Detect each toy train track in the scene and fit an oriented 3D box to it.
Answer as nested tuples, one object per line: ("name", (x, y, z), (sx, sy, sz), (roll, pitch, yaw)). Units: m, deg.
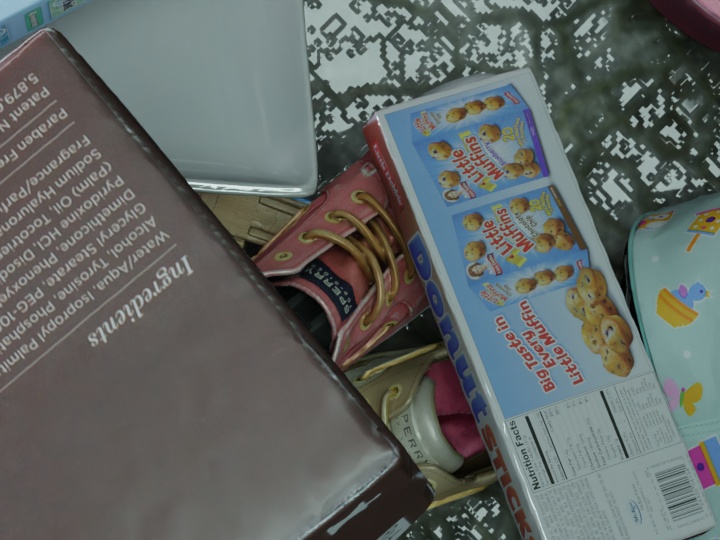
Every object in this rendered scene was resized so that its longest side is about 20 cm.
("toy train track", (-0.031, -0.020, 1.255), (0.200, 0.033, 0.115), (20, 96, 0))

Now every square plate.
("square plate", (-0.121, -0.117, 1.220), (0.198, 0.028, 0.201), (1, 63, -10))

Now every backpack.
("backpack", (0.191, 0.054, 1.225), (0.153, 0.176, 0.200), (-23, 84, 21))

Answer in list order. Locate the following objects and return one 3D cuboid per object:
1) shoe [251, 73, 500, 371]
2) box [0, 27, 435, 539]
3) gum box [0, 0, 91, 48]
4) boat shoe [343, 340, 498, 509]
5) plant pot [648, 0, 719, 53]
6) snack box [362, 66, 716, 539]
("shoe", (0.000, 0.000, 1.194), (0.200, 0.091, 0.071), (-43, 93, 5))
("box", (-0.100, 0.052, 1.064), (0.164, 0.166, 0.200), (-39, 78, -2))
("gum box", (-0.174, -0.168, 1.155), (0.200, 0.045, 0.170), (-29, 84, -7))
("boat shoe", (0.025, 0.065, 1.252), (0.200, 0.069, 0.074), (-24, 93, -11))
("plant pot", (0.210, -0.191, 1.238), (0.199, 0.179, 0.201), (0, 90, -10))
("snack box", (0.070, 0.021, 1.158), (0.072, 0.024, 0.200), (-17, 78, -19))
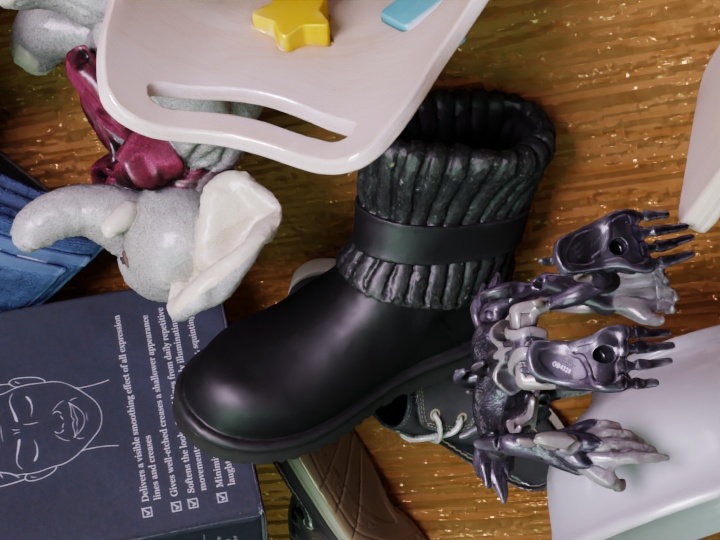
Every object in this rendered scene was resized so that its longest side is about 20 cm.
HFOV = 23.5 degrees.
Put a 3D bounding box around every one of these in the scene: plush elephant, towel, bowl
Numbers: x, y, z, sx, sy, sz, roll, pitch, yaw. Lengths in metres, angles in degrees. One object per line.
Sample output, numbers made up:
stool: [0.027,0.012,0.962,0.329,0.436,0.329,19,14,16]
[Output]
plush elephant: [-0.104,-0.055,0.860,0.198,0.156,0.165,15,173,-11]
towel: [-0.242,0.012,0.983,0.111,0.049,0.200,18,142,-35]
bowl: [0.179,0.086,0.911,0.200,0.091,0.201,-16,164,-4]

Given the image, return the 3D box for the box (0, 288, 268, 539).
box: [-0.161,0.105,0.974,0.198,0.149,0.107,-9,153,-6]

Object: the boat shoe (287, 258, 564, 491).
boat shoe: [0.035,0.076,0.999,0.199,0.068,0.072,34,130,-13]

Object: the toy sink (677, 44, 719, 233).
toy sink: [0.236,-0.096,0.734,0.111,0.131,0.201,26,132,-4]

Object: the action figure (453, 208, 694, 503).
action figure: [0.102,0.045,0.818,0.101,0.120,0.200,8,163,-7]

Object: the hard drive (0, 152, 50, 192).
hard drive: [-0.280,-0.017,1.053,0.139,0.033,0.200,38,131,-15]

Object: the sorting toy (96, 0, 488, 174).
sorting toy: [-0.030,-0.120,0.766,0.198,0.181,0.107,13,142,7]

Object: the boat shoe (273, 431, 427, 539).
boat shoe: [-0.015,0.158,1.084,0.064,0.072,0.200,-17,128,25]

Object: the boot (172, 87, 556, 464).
...
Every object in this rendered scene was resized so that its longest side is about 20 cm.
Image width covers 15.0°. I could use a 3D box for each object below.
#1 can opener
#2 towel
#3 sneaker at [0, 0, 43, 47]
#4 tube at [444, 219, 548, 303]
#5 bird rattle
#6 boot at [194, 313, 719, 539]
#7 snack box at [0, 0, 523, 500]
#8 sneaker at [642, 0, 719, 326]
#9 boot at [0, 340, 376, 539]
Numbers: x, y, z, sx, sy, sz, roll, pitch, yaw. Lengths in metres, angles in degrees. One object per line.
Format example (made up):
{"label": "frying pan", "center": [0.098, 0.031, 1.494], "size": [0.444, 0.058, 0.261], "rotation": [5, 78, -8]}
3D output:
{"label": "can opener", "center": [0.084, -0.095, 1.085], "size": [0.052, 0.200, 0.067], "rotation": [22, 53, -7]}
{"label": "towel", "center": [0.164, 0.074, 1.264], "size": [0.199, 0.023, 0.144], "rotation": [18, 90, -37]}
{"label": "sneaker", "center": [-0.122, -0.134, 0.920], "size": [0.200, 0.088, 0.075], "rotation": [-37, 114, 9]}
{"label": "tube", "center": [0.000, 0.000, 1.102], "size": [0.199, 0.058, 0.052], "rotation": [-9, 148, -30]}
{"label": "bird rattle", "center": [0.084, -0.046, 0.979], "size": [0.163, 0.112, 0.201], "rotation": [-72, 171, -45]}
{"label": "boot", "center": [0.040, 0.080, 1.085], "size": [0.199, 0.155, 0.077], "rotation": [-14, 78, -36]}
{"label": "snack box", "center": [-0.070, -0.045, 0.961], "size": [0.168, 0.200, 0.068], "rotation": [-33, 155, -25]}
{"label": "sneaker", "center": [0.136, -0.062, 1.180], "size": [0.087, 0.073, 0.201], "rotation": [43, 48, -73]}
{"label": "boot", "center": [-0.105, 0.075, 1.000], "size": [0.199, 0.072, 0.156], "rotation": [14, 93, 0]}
...
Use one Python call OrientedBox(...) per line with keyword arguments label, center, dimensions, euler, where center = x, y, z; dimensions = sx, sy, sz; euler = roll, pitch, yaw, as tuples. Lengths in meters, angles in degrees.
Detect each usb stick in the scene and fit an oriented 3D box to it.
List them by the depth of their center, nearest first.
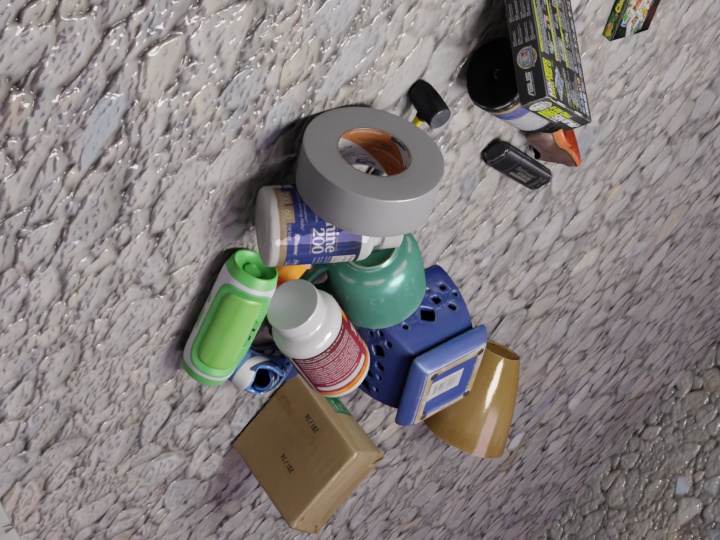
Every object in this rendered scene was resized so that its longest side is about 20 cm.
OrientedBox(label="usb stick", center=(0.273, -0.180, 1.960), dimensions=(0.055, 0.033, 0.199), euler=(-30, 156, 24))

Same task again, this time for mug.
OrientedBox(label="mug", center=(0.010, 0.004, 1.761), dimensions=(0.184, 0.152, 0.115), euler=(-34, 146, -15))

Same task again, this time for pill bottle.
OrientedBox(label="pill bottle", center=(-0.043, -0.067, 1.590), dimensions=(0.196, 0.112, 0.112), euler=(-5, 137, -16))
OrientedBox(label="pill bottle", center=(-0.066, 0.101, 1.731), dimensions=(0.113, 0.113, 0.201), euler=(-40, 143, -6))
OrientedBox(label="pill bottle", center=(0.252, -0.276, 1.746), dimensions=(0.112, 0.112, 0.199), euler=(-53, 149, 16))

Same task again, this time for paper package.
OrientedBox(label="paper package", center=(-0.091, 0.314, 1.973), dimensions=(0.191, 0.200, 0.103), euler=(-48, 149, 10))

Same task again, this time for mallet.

▶ **Your instructions**
Above are the records; repeat exactly the lines from the one holding "Detect each toy" down to the one holding "Answer as nested", end lines included.

▶ **Exercise output**
Detect each toy train track in the scene and fit an oriented 3D box to it.
Answer as nested tuples, one object per line: ("name", (x, y, z), (sx, sy, sz), (roll, pitch, yaw)). Units: m, deg.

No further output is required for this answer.